• **EXERCISE**: Repeat each record below exactly, dropping the pictures.

THE DATA START

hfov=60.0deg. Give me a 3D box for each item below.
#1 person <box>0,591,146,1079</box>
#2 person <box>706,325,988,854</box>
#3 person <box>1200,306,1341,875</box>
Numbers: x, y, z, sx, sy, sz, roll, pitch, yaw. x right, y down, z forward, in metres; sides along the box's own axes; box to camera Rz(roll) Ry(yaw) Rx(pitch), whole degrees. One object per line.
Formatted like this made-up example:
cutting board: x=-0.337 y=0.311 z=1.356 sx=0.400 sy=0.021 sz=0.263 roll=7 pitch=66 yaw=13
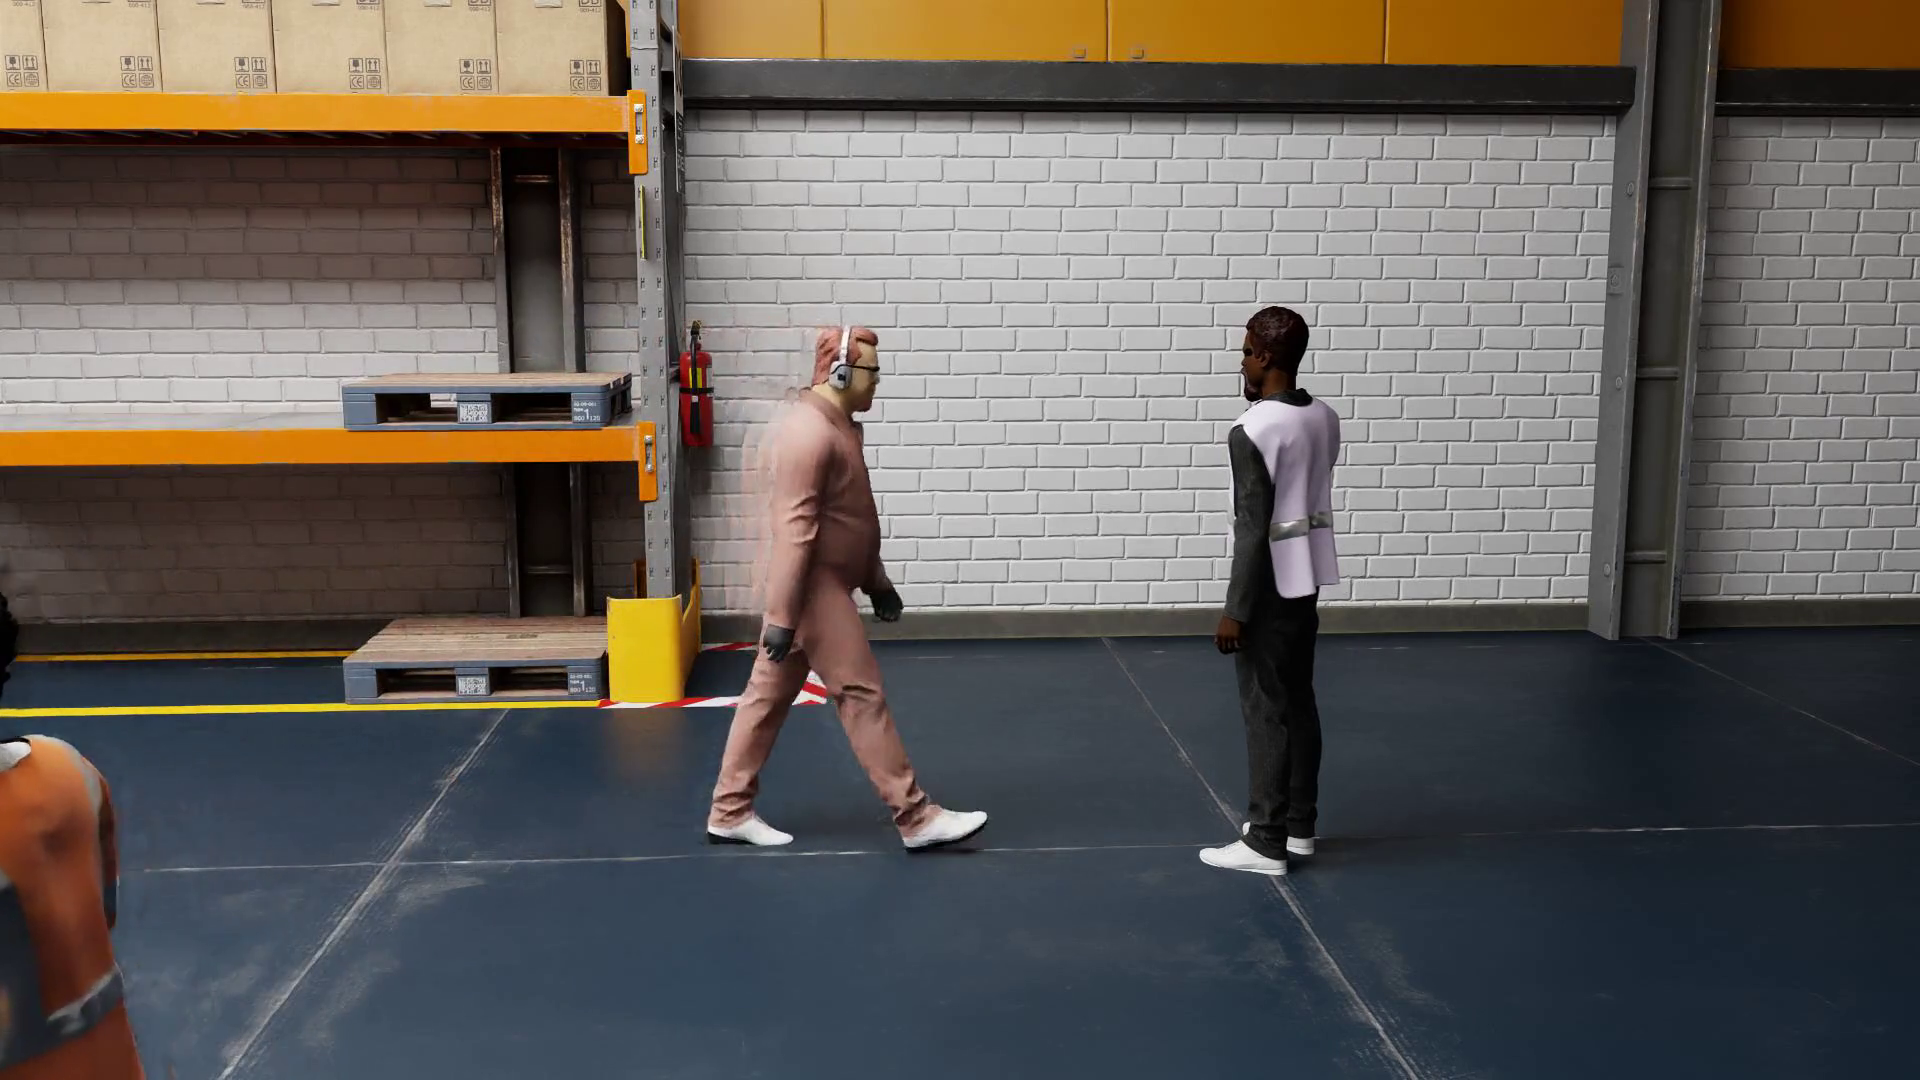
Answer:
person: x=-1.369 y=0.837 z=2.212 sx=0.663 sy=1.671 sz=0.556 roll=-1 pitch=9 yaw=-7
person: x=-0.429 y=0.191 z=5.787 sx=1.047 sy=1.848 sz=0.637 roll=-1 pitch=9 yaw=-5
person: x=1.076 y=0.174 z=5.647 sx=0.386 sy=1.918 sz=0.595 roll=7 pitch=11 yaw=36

THE DATA END

• **EXERCISE OUTPUT**:
hfov=60.0deg. Give me a 3D box for each item below.
#1 person <box>0,591,146,1079</box>
#2 person <box>706,325,988,854</box>
#3 person <box>1200,306,1341,875</box>
Numbers: x, y, z, sx, sy, sz, roll, pitch, yaw. x right, y down, z forward, in metres; sides along the box's own axes; box to camera Rz(roll) Ry(yaw) Rx(pitch), whole degrees. One object per line.
Formatted like this made-up example:
cutting board: x=-0.337 y=0.311 z=1.356 sx=0.400 sy=0.021 sz=0.263 roll=7 pitch=66 yaw=13
Answer:
person: x=-1.369 y=0.837 z=2.212 sx=0.663 sy=1.671 sz=0.556 roll=-1 pitch=9 yaw=-7
person: x=-0.429 y=0.191 z=5.787 sx=1.047 sy=1.848 sz=0.637 roll=-1 pitch=9 yaw=-5
person: x=1.076 y=0.174 z=5.647 sx=0.386 sy=1.918 sz=0.595 roll=7 pitch=11 yaw=36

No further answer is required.